The Court incorporates by reference the factual background of this matter as recited in its order on defendant's motion to dismiss. [DE 34]. Plaintiff seeks certification to file an interlocutory appeal of the Court's order granting defendant's motion to dismiss plaintiffs claims for breach of duty of good faith and fair dealing and unfair and deceptive trade practices under Rule 12(b)(6) of the Federal Rules of Civil Procedure.

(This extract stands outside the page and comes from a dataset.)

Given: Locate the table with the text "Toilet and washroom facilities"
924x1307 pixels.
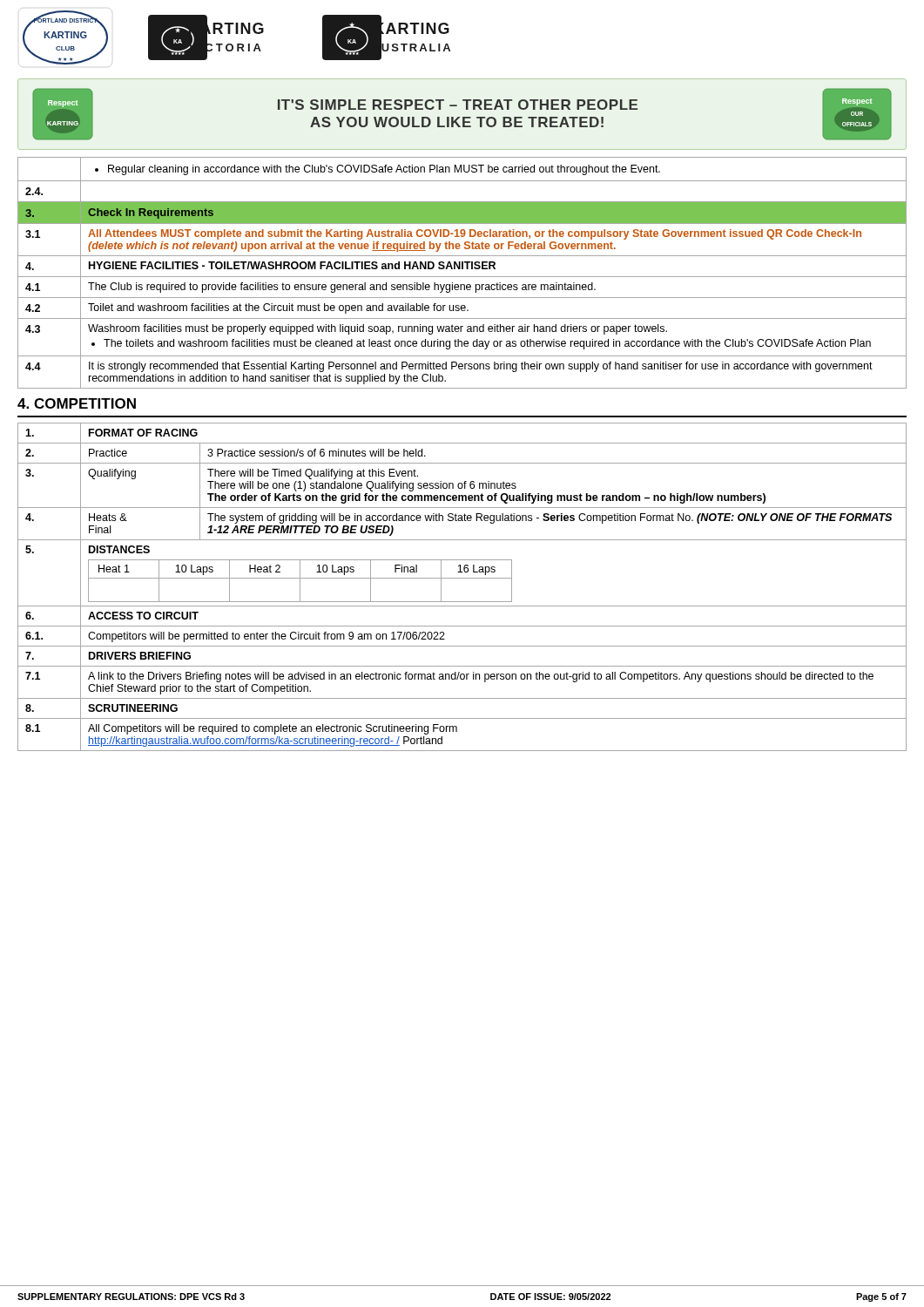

"Finality as a condition of review is an historic characteristic of federal appellate procedure." Cobbledick v. United States, 309 U.S. 323, 324 (1940). While 28 U.S.C. § 1292(b) was enacted in order to permit interlocutory appeals under some circumstances, "it is a rare exception to the final judgment rule that generally prohibits piecemeal appeals." Koehler v. Bank of Bermuda, Ltd., 101 F.3d 863, 865 (2nd Cir. 1996). The decision to certify an interlocutory appeal is soundly within the discretion of the court that has issued the order. State v. NC. ex rel. Howes v. W.R. Peele, Sr. Trust, 889 F.Supp. 849, 852 (E.D.N.C. 1995). Even if the requirements of section 1292(b) are satisfied, the district court has "unfettered discretion" to decline to certify an interlocutory appeal if exceptional circumstances are absent. Picard v. Katz, 466 B.R. 208, 210 (S.D.N.Y. 2012) (quotation and citation omitted); see also Coopers & Lybrand v. Livesay, 437 U.S. 463, 475 (1978).
Section 1292(b) provides that
28 U.S.C. § 1292(b).
A controlling question of law is "a narrow question of pure law whose resolution will be completely dispositive of the litigation, either as a legal or practical matter, whichever way it goes." Fannin v. CSX Transp., Inc., 873 F.2d 1438, *5 (4th Cir. 1989) (unpublished). Whether a common law claim by an obligee against a surety for breach of the implied duty of good faith and fair dealing would be recognized under North Carolina law is not an issue the resolution of which would dispose of this litigation. Rather, plaintiff's claim for breach of the performance bond would proceed no matter how that issue was decided. The same is true for plaintiff's unfair and deceptive trade practices claim. Thus, there is no question of controlling law that makes the Court's order on the partial motion to dismiss suitable for interlocutory appeal.
Further, an interlocutory appeal would not advance the ultimate termination of this litigation. Certification of an interlocutory appeal would not stay the proceedings in this Court. 28 U.S.C. § 1292(b). Thus, an appellate decision that this Court erred in dismissing Counts II and III under Rule 12(b)(6) handed down after this case has proceeded through discovery and to the dispositive motions filing period on the remaining claim and counterclaims only "creates a potential for confusion and waste of judicial resources." Long v. CPI Sec. Sys., Inc., 3: 12-CV-396-RJC-DSC, 2013 WL 3761078, at *4 (W.D.N.C. July 16, 2013).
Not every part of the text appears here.